This script is used to convert an EPUB/HTML file or any web page with article/section into speech using Azure's Text-to-Speech (TTS) service. After taking input it converts the input to HTML and then turns the HTML's text into speech using Microsoft Azure Cognitive Services. The script requires SPEECH_KEY and SPEECH_REGION environment variables to be set with a valid Azure subscription key and region respectively.
After the input is converted into HTML, the HTML is divided into multiple ssml string (XML) (referred as Index
). Each ssml string contains headings or paragraphs, which are referred to as tokens
.
The HTML page is split into ssml strings either by headings or by specified number of tokens (default 1).
Open your epub/html in your favourite reader, and start reading pages by pages, accompanied by audio :).
- Azure subscription - Create one for free
- Create a Speech resource in the Azure portal.
- Get the Speech resource key and region. After your Speech resource is deployed, select Go to resource to view and manage keys. For more information about Cognitive Services resources, see Get the keys for your resource.
Currently, the project uses en-US-AriaNeural
voice and narration-professional
style, which is good for reading books.
The prosody rate is set to +20%. (Speed). All these constants should be converted to variables and used in argparse.
Remove ads and side contents from HTML pages
- Python 3.6 or above
- azure.cognitiveservices.speech
- ebooklib
- beautifulsoup4
- requests-html
python read-epub.py EPUB_OR_HTML_FILE --item-page ITEM_PAGE
- epub-or-html-file: Optional. Path to the EPUB/HTML file to convert to speech.
The page of the epub file to read can be configured by item-page argument. Note, each epub files is divided into multiple pages, which includes Preface, Acknowledgements, Front Cover etc. So, If you want to read from Chapter 1 of the epub file, you need to find the appropriate page by trial and error.
- item-page: Optional. Index of the page in the epub file to convert to speech. (not required in case of webpage/HTML)
How the HTML is broken into SSML strings can be configured by num-tokens argument
- num-tokens: Optional. The number of tokens each SSML string should contain. Default 1.
The place from where the speech should start can be configured by start-index argument
- start-index: Optional. the index of the SSML string from which the speech should start.
Tokens are the smallest unit, and a single SSML string can contain one or more tokens. By properly utilizing num-token and start-index, the project can accurately generate speech output from the HTML page's multiple SSML string and their contained tokens.

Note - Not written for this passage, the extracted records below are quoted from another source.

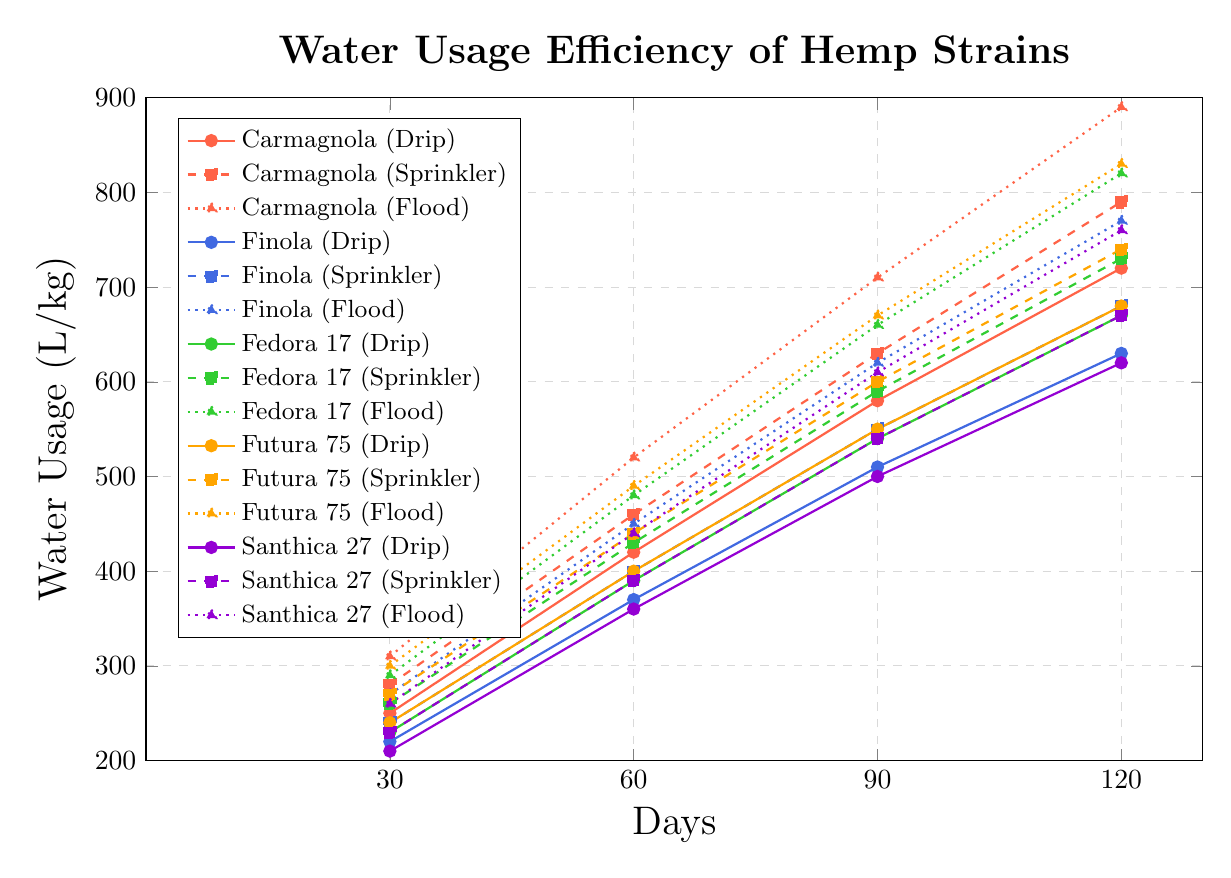What's the average water usage for Carmagnola under flood irrigation over the growing cycle? First, find the water usage values for Carmagnola under flood irrigation (310, 520, 710, 890). Sum these values (310 + 520 + 710 + 890 = 2430). Then, divide by the number of data points (2430 / 4 = 607.5).
Answer: 607.5 Which strain had the highest water usage under flood irrigation at day 90? Compare the water usage at day 90 for each strain under flood irrigation: Carmagnola (710), Finola (620), Fedora 17 (660), Futura 75 (670), Santhica 27 (610). Carmagnola has the highest value (710).
Answer: Carmagnola How does the water usage efficiency of Finola under drip irrigation compare to Santhica 27 under the same method at day 60? Find the water usage values at day 60: Finola under drip (370) and Santhica 27 under drip (360). Finola uses 10 L/kg more than Santhica 27 (370 - 360 = 10).
Answer: Finola uses 10 L/kg more What's the total water usage for Santhica 27 under sprinkler irrigation throughout the growing cycle? Sum the water usage values for Santhica 27 under sprinkler irrigation: (230 + 390 + 540 + 670). The total is 1830 L/kg (230 + 390 + 540 + 670 = 1830).
Answer: 1830 On day 120, which strain has the least efficient water usage under drip irrigation? Compare the water usage values at day 120 for each strain under drip irrigation: Carmagnola (720), Finola (630), Fedora 17 (670), Futura 75 (680), Santhica 27 (620). Carmagnola has the highest value, indicating the least efficiency.
Answer: Carmagnola What's the average difference in water usage between drip and sprinkler irrigation for Fedora 17 over the growing cycle? Find the differences at each time point: (230-260, 390-430, 540-590, 670-730). Sum the absolute differences: (30 + 40 + 50 + 60 = 180). Divide by the number of data points (180 / 4 = 45).
Answer: 45 Which irrigation technique results in the most efficient water usage for Futura 75 at day 30? Compare the water usage values at day 30 for Futura 75 across all irrigation techniques: Drip (240), Sprinkler (270), Flood (300). The least value indicates the most efficiency.
Answer: Drip What's the range of water usage for Finola under flood irrigation over the growth cycle? Find the minimum and maximum values of water usage for Finola under flood irrigation (270 and 770 respectively). Calculate the range (770 - 270 = 500).
Answer: 500 If you average the water usage of all strains under drip irrigation at day 60, what is the result? Sum the water usage values for all strains under drip irrigation at day 60 (420 + 370 + 390 + 400 + 360 = 1940). Divide by the number of strains (1940 / 5 = 388).
Answer: 388 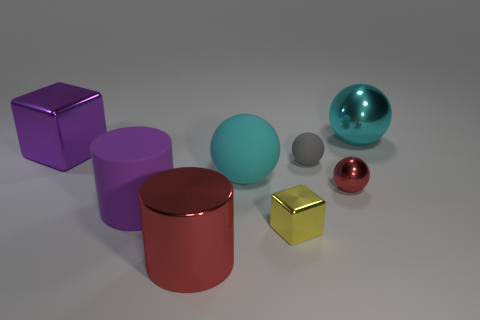Subtract all blue cylinders. Subtract all green spheres. How many cylinders are left? 2 Add 2 large gray shiny cylinders. How many objects exist? 10 Subtract all blocks. How many objects are left? 6 Add 3 big purple rubber objects. How many big purple rubber objects exist? 4 Subtract 0 blue blocks. How many objects are left? 8 Subtract all red metallic cylinders. Subtract all small shiny objects. How many objects are left? 5 Add 4 tiny red metallic things. How many tiny red metallic things are left? 5 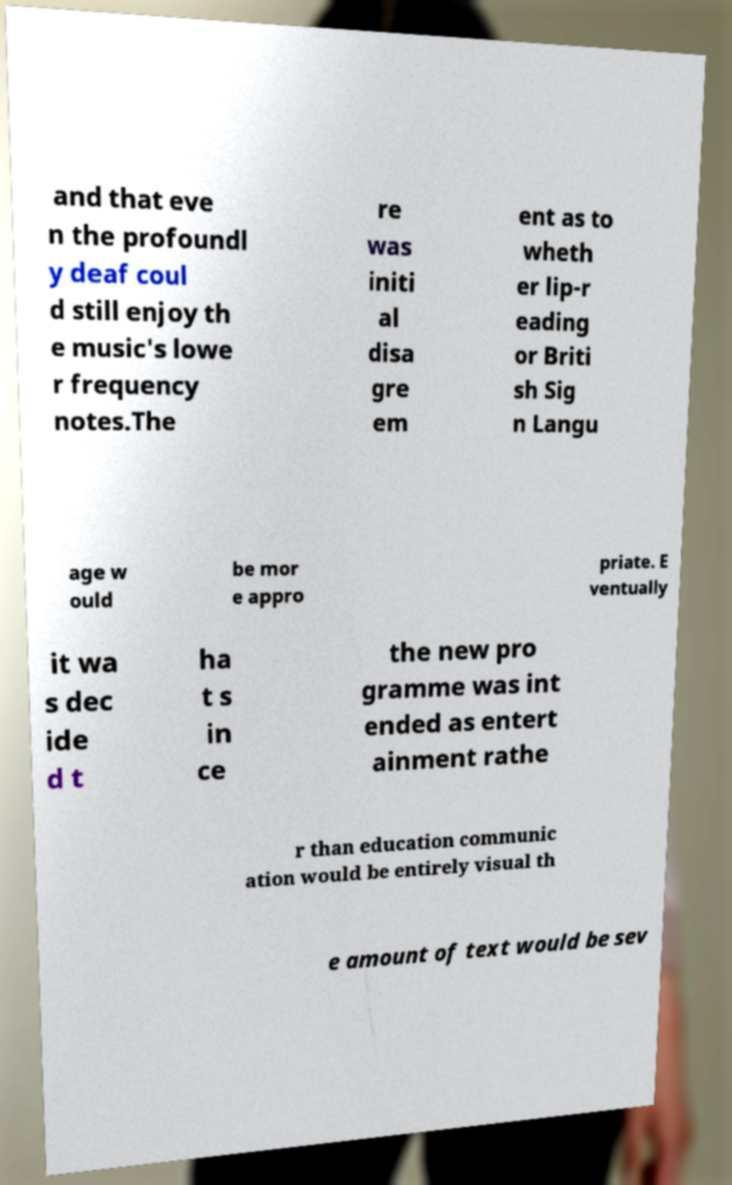I need the written content from this picture converted into text. Can you do that? and that eve n the profoundl y deaf coul d still enjoy th e music's lowe r frequency notes.The re was initi al disa gre em ent as to wheth er lip-r eading or Briti sh Sig n Langu age w ould be mor e appro priate. E ventually it wa s dec ide d t ha t s in ce the new pro gramme was int ended as entert ainment rathe r than education communic ation would be entirely visual th e amount of text would be sev 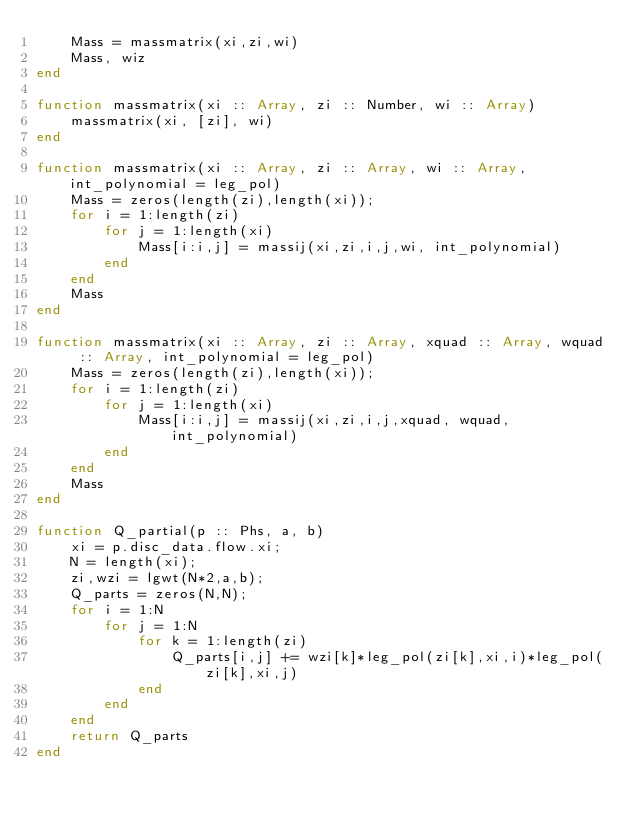Convert code to text. <code><loc_0><loc_0><loc_500><loc_500><_Julia_>	Mass = massmatrix(xi,zi,wi)
	Mass, wiz
end

function massmatrix(xi :: Array, zi :: Number, wi :: Array)
	massmatrix(xi, [zi], wi)
end

function massmatrix(xi :: Array, zi :: Array, wi :: Array, int_polynomial = leg_pol)
	Mass = zeros(length(zi),length(xi));
	for i = 1:length(zi)
		for j = 1:length(xi)
			Mass[i:i,j] = massij(xi,zi,i,j,wi, int_polynomial)
		end
	end
	Mass
end

function massmatrix(xi :: Array, zi :: Array, xquad :: Array, wquad :: Array, int_polynomial = leg_pol)
	Mass = zeros(length(zi),length(xi));
	for i = 1:length(zi)
		for j = 1:length(xi)
			Mass[i:i,j] = massij(xi,zi,i,j,xquad, wquad, int_polynomial)
		end
	end
	Mass
end

function Q_partial(p :: Phs, a, b)
	xi = p.disc_data.flow.xi;
	N = length(xi);
	zi,wzi = lgwt(N*2,a,b);
	Q_parts = zeros(N,N);
	for i = 1:N
		for j = 1:N
			for k = 1:length(zi)
				Q_parts[i,j] += wzi[k]*leg_pol(zi[k],xi,i)*leg_pol(zi[k],xi,j)
			end
		end
	end
	return Q_parts
end</code> 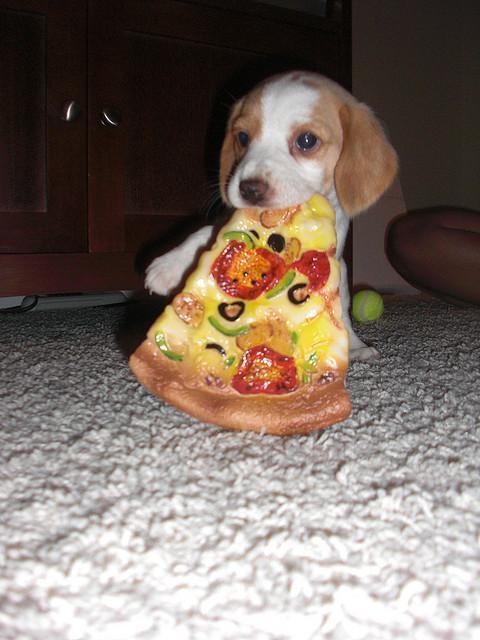What is the dog doing with the thing in its mouth?
Pick the right solution, then justify: 'Answer: answer
Rationale: rationale.'
Options: Vomiting, eating, playing, choking. Answer: playing.
Rationale: The dog seems to be eating the slice of pizza shown here. 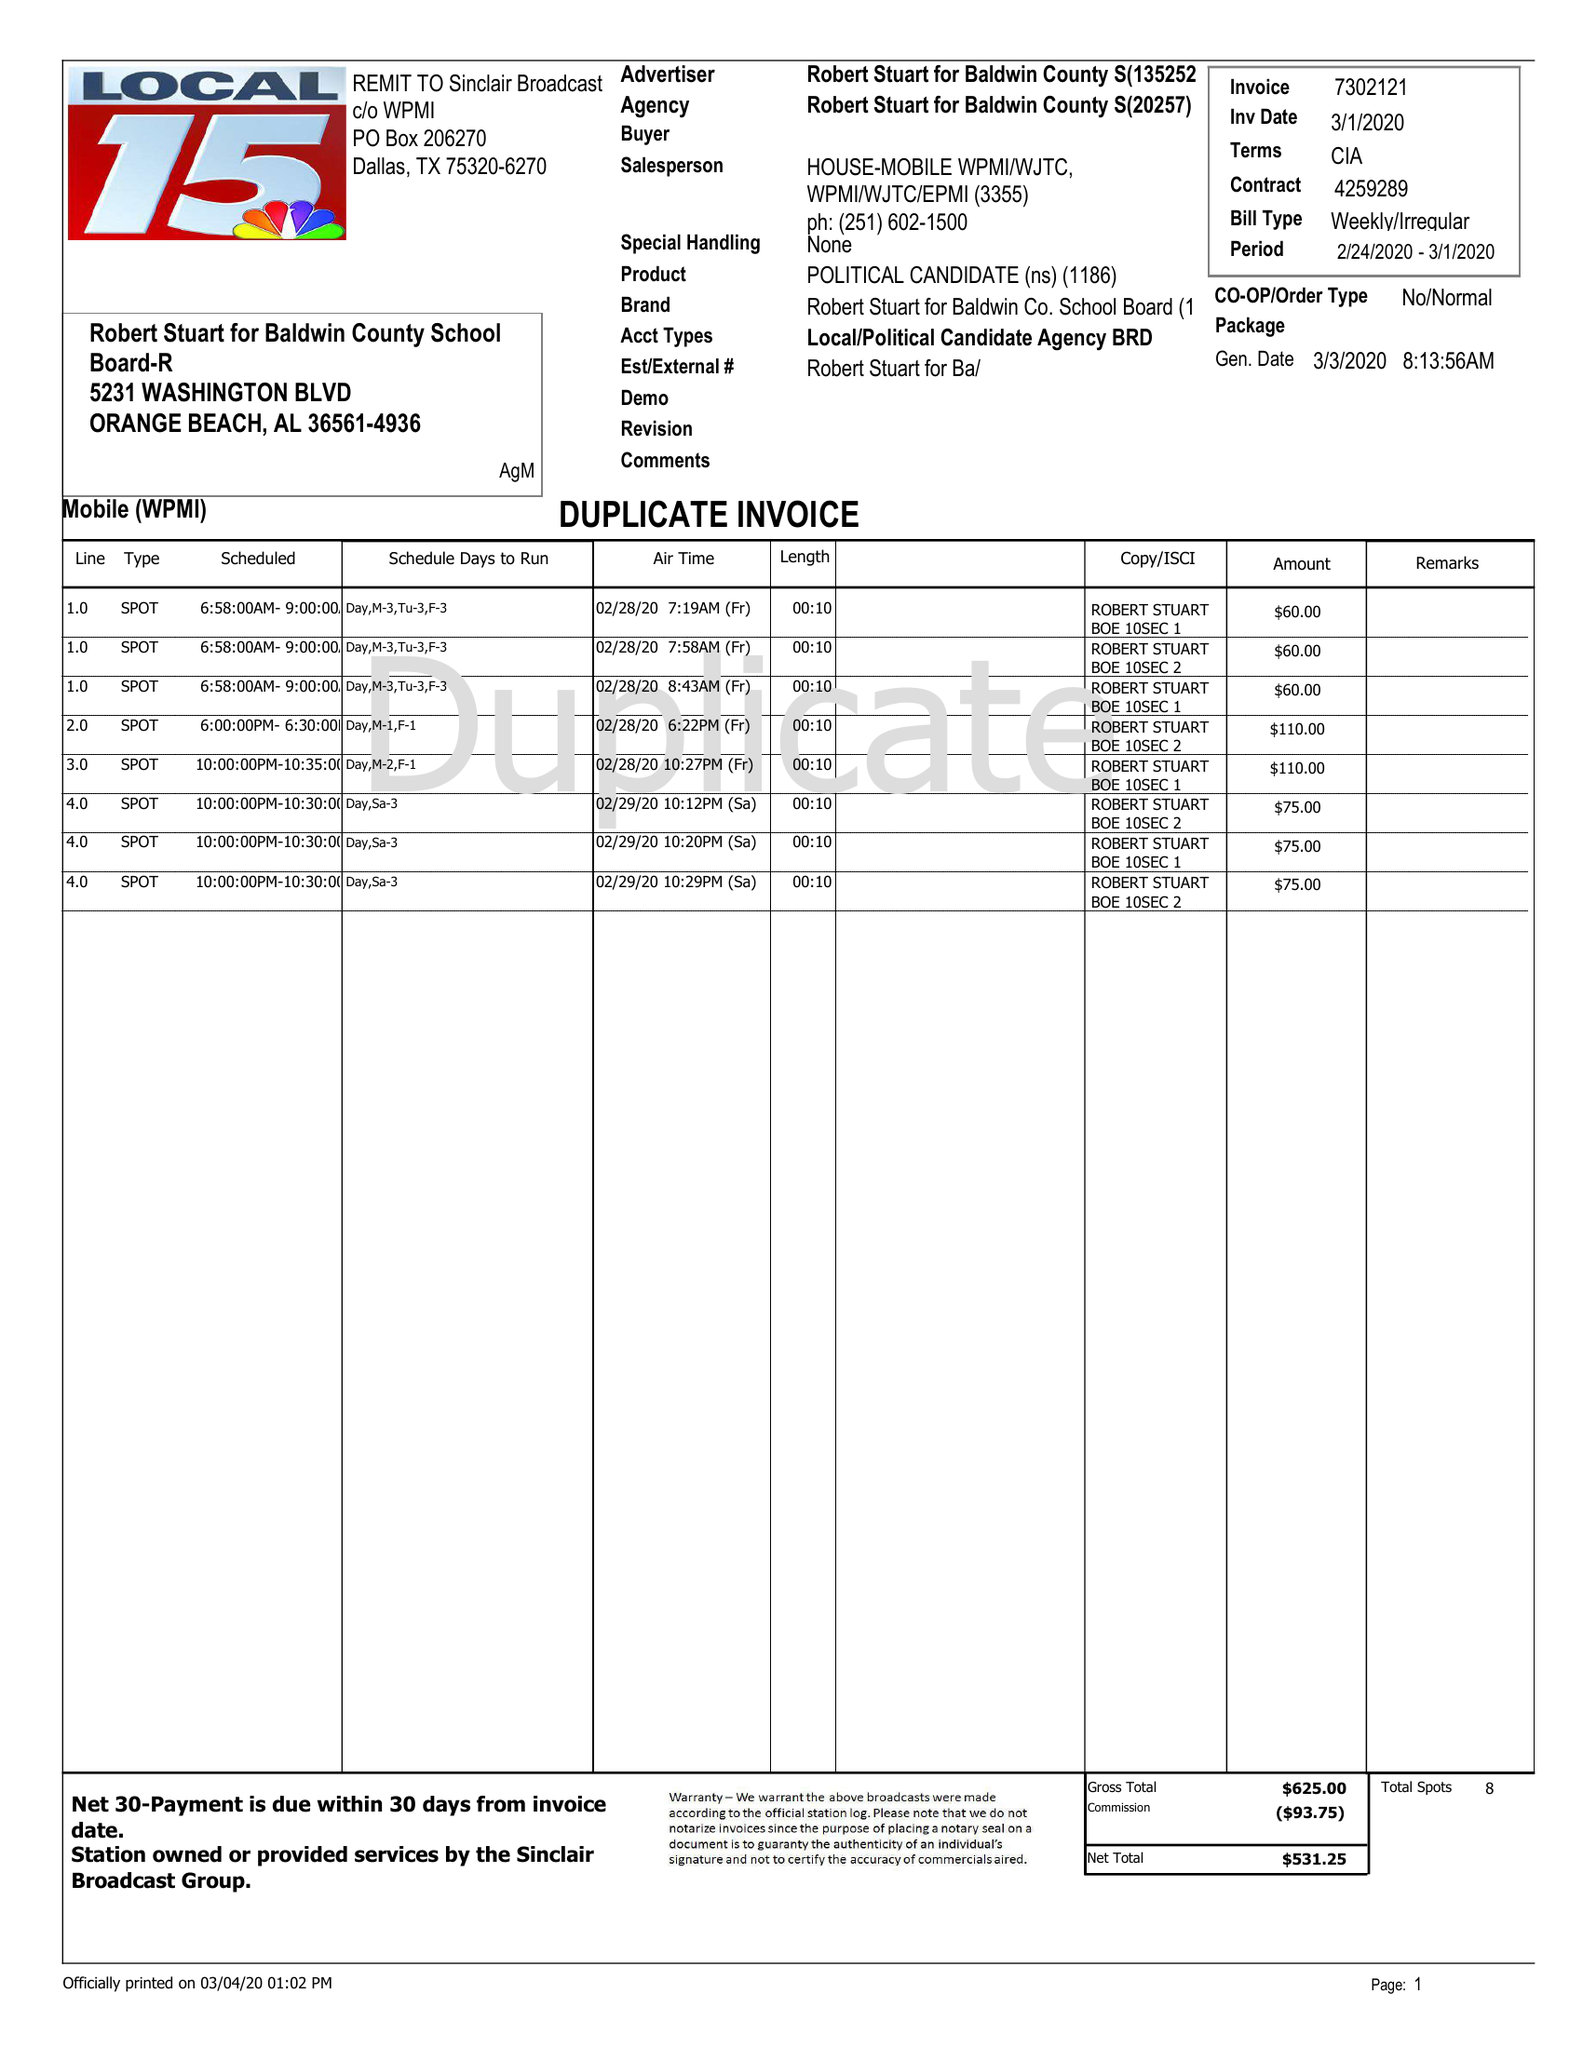What is the value for the flight_to?
Answer the question using a single word or phrase. 03/01/20 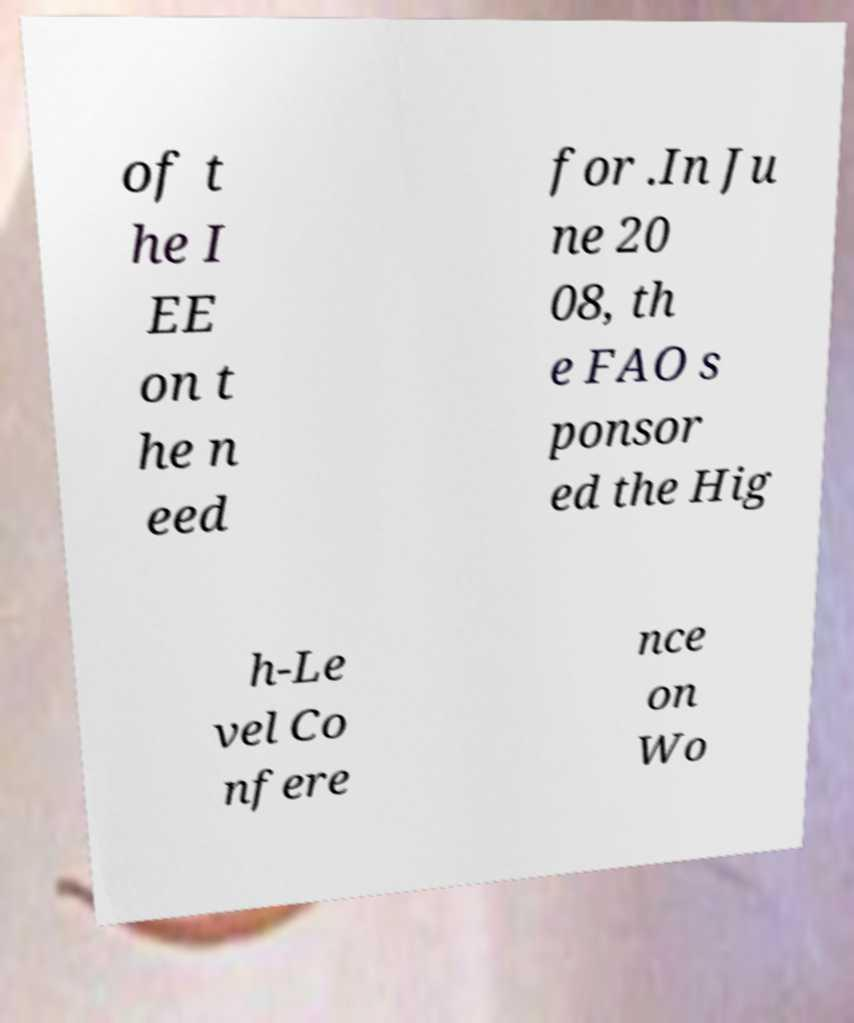For documentation purposes, I need the text within this image transcribed. Could you provide that? of t he I EE on t he n eed for .In Ju ne 20 08, th e FAO s ponsor ed the Hig h-Le vel Co nfere nce on Wo 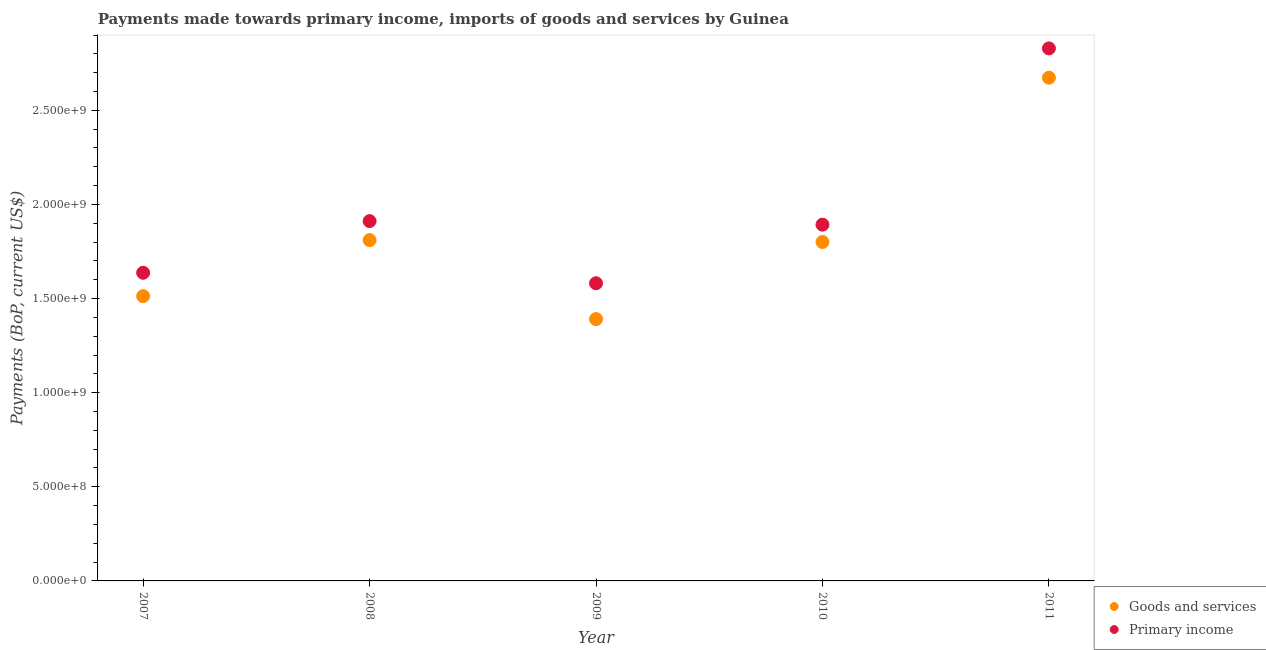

Press space to skip the current index audio anytime, Press q to stop program, Press b to play previous index, Press r to restart playing current index, Press p to play/pause
This script uses two environment variables SPEECH_KEY
and SPEECH_REGION
to access the Azure Cognitive Services. Please set these variables to valid Azure subscription key and region respectively.
export SPEECH_KEY=<your_subscription_key>
export SPEECH_REGION=<your_subscription_region>
export SPEECH_KEY=<your_subscription_key>
export SPEECH_REGION=<your_subscription_region>
python3 -m venv .
source bin/activate
pip install -r requirements.txt
python3 read-epub.py Alices\ Adventures\ in\ Wonderland.epub --item-page 0 --start-index 0
python3 read-epub.py "https://www.artofliving.org/in-en/meditation/meditation-for-you/meditation-and-insomnia"
This script uses Azure's Text-to-Speech service for converting text into speech.